巨人阿部慎之助内野手(36)が、通算350本塁打を放った。7点を追う8回1死、広島戸田の直球を中堅バックスクリーン左に運んだ。史上28人目、球団では王、長嶋、原に次ぐ4人目の快挙だったが、チームは敗れ、節目を喜ぶ姿や感傷に浸る様子もなく、淡々とダイヤモンドを1周した。ただ、憧れの“掛布超え”を達成し、次は400号に向け、チームを勝利に導くアーチを積み重ねていく。

 花束を受け取る阿部に、笑顔はなかった。スコアボードに映し出された「通算350号」を祝う映像にも一切目を向けず、静かに頭を下げて、ベンチに引き揚げた。「区切りの350号を打てたことは良かったけど、素直に喜べないホームラン」。8回1死、阿部らしくバックスクリーンに運び、歓声を浴びても、頭から離れなかったのは5回1死満塁での凡打だった。

 ホームランの魅力を知ったのは、小学5年の時だった。千葉・浦安市内の北部小学校のグラウンド。フェンスの頭上を越える右越え本塁打だった。「よく、覚えてねぇな~」と笑ったが、父・東司さんの脳裏には笑顔でダイヤモンドを1周する阿部少年の姿が、今もなお、残っている。

 本塁打に胸を躍らせた少年の心を今、満たせるのは勝利だけに変わった。プロ15年目。勝利、実力至上主義のチームにあって、空砲は何の意味もないことをよく知る。最高にうれしかったはずの“掛布超え”にも、報道陣の問い掛けに「そうだね」とだけ答えたのは、そんな思いが日々あるからだった。

 節目の1発は、7点ビハインドの状況だった。「今日しか来られない人だっているんだ」が口癖だが、劣勢の中、フルスイングで声援に応える以外、自分の中に答えはなかった。

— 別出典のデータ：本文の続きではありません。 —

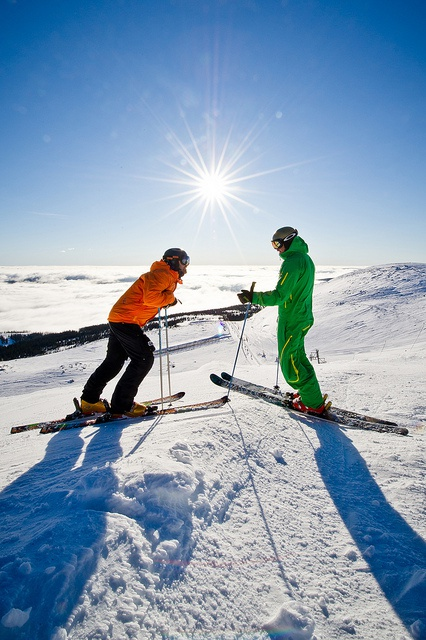Describe the objects in this image and their specific colors. I can see people in darkblue, black, brown, white, and red tones, people in darkblue, darkgreen, black, lightgray, and green tones, skis in darkblue, black, gray, darkgray, and lightgray tones, and skis in darkblue, black, lightgray, gray, and navy tones in this image. 
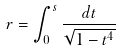<formula> <loc_0><loc_0><loc_500><loc_500>r = \int _ { 0 } ^ { s } \frac { d t } { \sqrt { 1 - t ^ { 4 } } }</formula> 
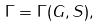<formula> <loc_0><loc_0><loc_500><loc_500>\Gamma = \Gamma ( G , S ) ,</formula>

原監督は「見事の一言。どういう状況の中でも、ベストを尽くすことが大事」と言った。350本目のアーチも、阿部にとっては1つの通過点。今日2日の広島戦、また前を向いて、400号に歩み始める。【久保賢吾】

 ▼通算350本塁打=阿部(巨人) 1日の広島13回戦の8回、戸田から今季4号を放って達成。プロ野球28人目。巨人生え抜きでは王、長嶋、原に次いで4人目。初本塁打は01年4月13日の横浜1回戦(東京ドーム)で河原から記録。